- Origin: Fairfax, Virginia, U.S.
- Genres: Pop rock
- Years active: 1999–present
- Members: Omar Ruiz Chaucer Hwang Raul Rivero Mauricio Rivero

= Crash Boom Bang (band) =

American pop rock band

Crash Boom Bang is an American pop rock band based in Northern Virginia.
Band members include Omar Ruiz, Chaucer Hwang, and brothers Mauricio and Raul Rivero. They have appeared in productions and publications such as Alternative Press and MTV's The City.

Crash Boom Bang have been fans of a wide variety of artists, including Guns N' Roses, Maroon 5 and Lady Gaga. They describe their music as "if Bruno Mars fronted Cobra Starship". They have also been compared to Plain White T's, Boys Night Out and The Red Jumpsuit Apparatus.

==History==
The name Crash Boom Bang originates from a "tentative lyric in one of [their] songs" which lead singer Omar Ruiz suggested for the band's name. In the band's eyes, the name was fitting because they "wanted something memorable that could describe [their] music at the same time".

Raul Rivero, bass guitarist, and Mauricio Rivero, drummer, are brothers. They attended J.E.B. Stuart High School in Falls Church, Virginia. Chaucer Hwang is originally from Florida. The lead singer, Omar Ruiz, attended McLean High School.

Crash Boom Bang are friends with the popular band, Plain White T's. Mauricio Rivero has known the lead singer, Tom Higgenson, since before Plain White T's achieved widespread fame. Higgenson invited the band to appear for a few shows on the Plain White T's Every Second Counts Tour in 2007. Crash Boom Bang shared a stage with Plain White T's in 2008 and 2009, as well as Mayday Parade. While performing and touring with Plain White T's, Higgenson produced Crash Boom Bang's first full-length album, Gold Rush.
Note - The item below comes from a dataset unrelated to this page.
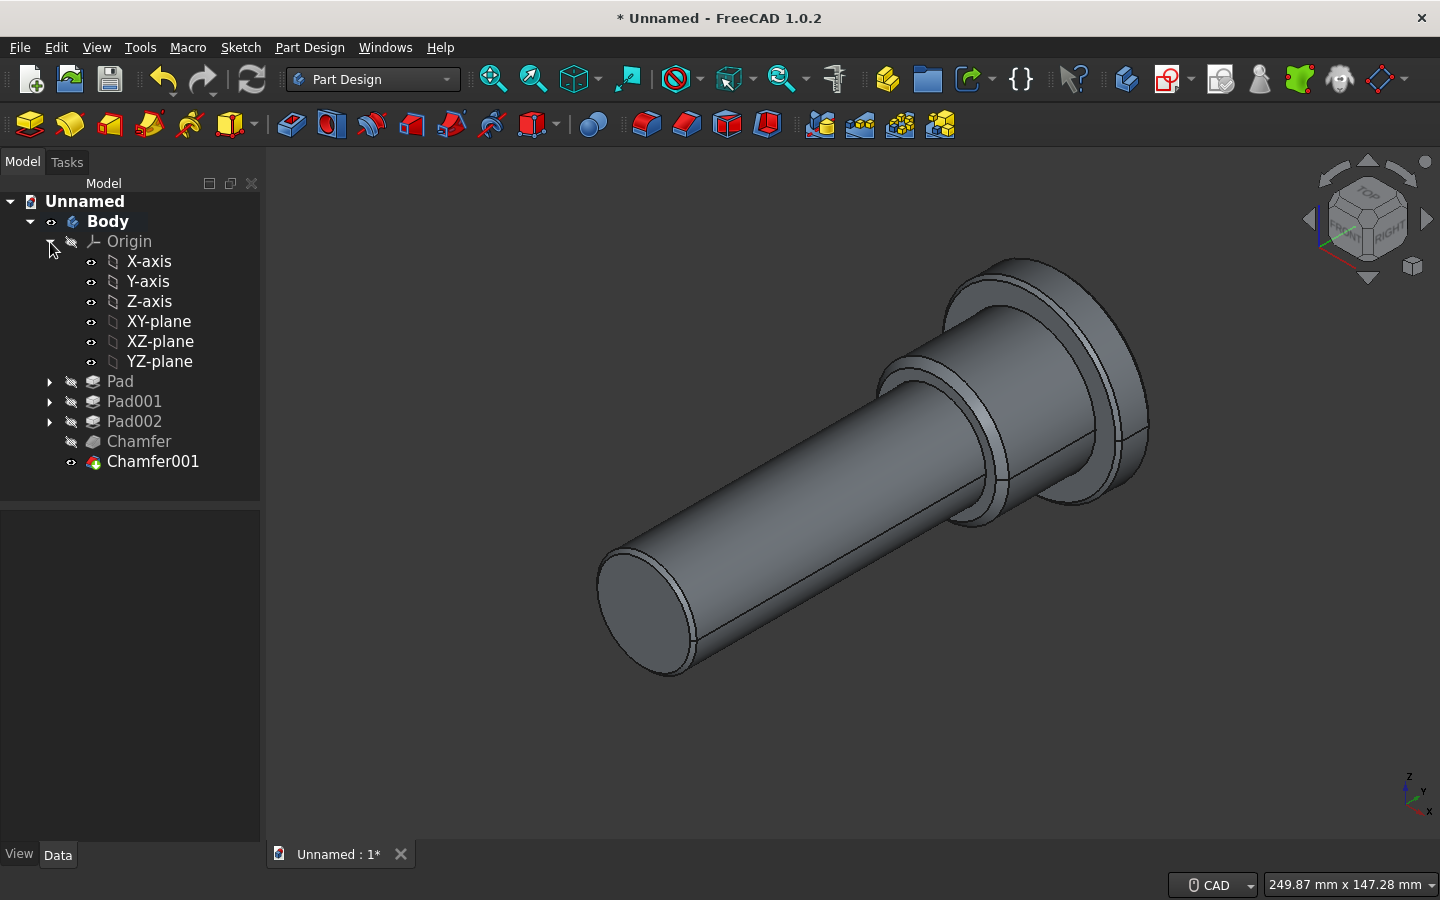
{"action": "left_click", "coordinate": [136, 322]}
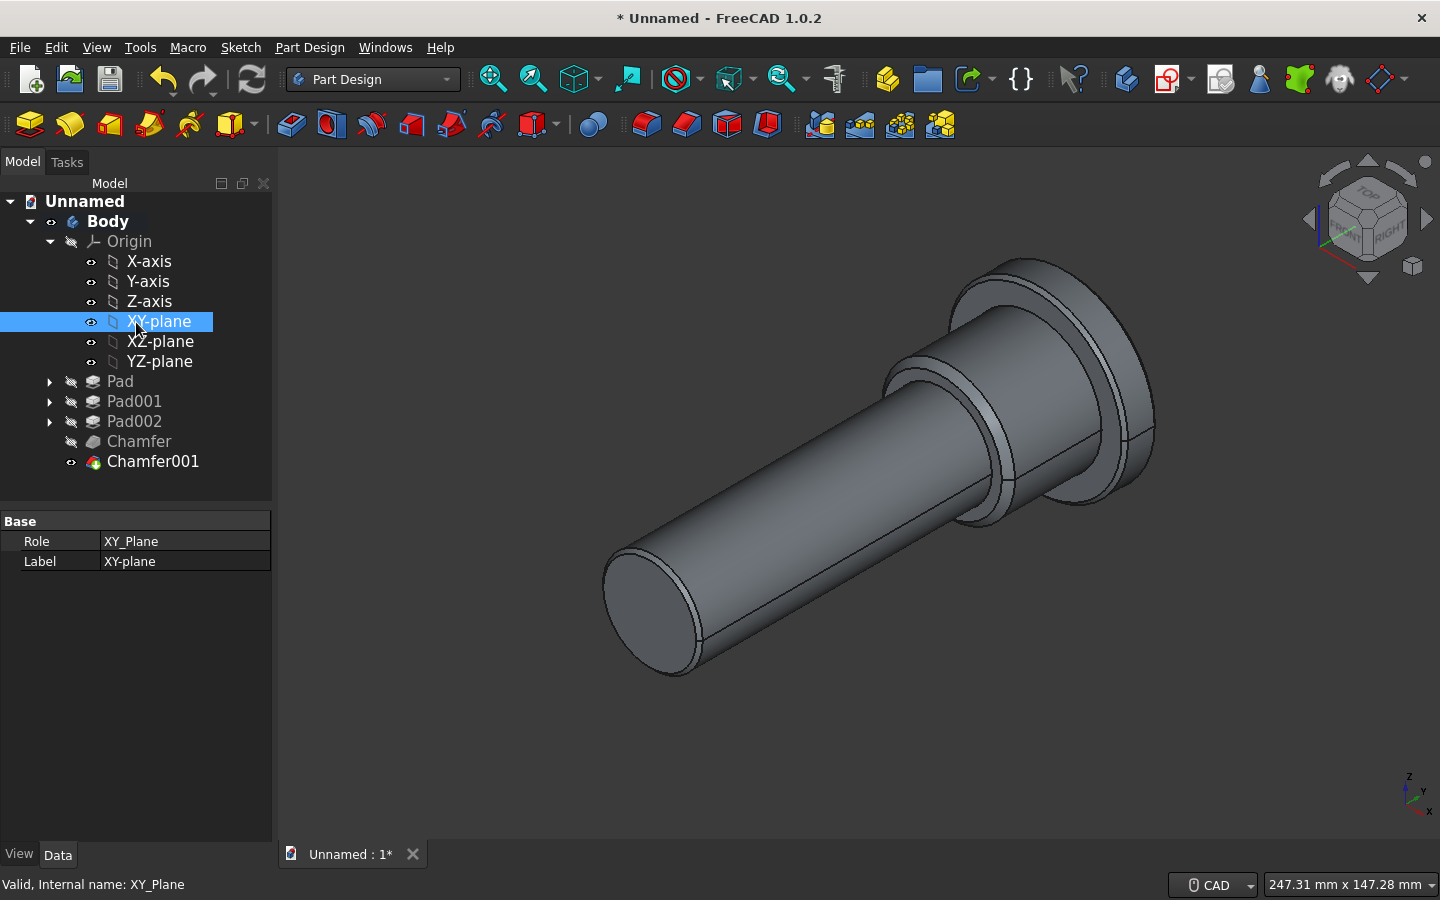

Crash Boom Bang is currently not signed to a record label.

==Members==
- Omar Ruiz – lead vocals, guitar
- Chaucer Hwang – lead guitar
- Raul Rivero – bass guitar, keyboard, backing vocals
- Mauricio Rivero – drums, vocals

==Awards==
WUSA 9 selected Crash Boom Bang to be in its Best Local Bands A-List in 2006.

In 2008, Crash Boom Bang appeared again in W*USA 9’s list, which showcases over a thousand of Washington DC's "best local businesses" who are nominated by readers, and then voted for online.

==Discography==
===Albums===
Gold Rush

Released February 7, 2009
1. "Are You Ready?" – 3:03
2. "House" – 3:07
3. "Let It Out" – 2:49
4. "Dangerous" – 3:03
5. "Science Fiction" – 3:25
6. "It's Only Me" – 3:24
7. "Let Me Know" – 2:31
8. "Devil In Disguise" – 2:42
9. "Forever In Love" – 2:58
10. "U & I" – 3:07
11. "Thank You" – 2:54

===EPs===
Dangerous
1. "Are You Ready?" – 3:11
2. "Dangerous" – 3:08
3. "Let It Out" – 2:54
4. "House" – 3:20
5. "Devil In Disguise" – 3:05
6. "Anniversary" – 3:22

Surrender

Released November 21, 2009
1. "Surrender" – 2:36
2. "Walk Down That Road" – 3:02
3. "Good To Go" – 2:40
4. "Spoke Too Soon" – 2:40

These Wild Things

Released October 3, 2011
1. "Control" – 4:17
2. "Hits" – 3:19
3. "Yelling & Screaming" – 3:31
4. "V.I.P." – 3:27
5. "Hands Up" – 3:25
6. "Save Me" – 2:51

==In other media==
- The band's song "Are You Ready?" was used in the film American Pie Presents: The Book of Love.
- The band made a guest appearance on the TV show House of Carters in episode 4, "Two of a Carter".
- They were featured in the June 2009 issue of Alternative Press, in "Our Unsigned Bands of the Month".
- On the October 27, 2009, episode 118 of the MTV show The City, "Are You Ready?" was played as some of the stars met to work out the details of an event at Longchamp.

==Solo project==
Ruiz released an EP titled, Ep under the name Crash Boom Omar on August 24, 2010. The tracks are "What You Really Need Is A Man That Will Sing For You", "Ready For Tomorrow", "Goodbyes" and "Magical".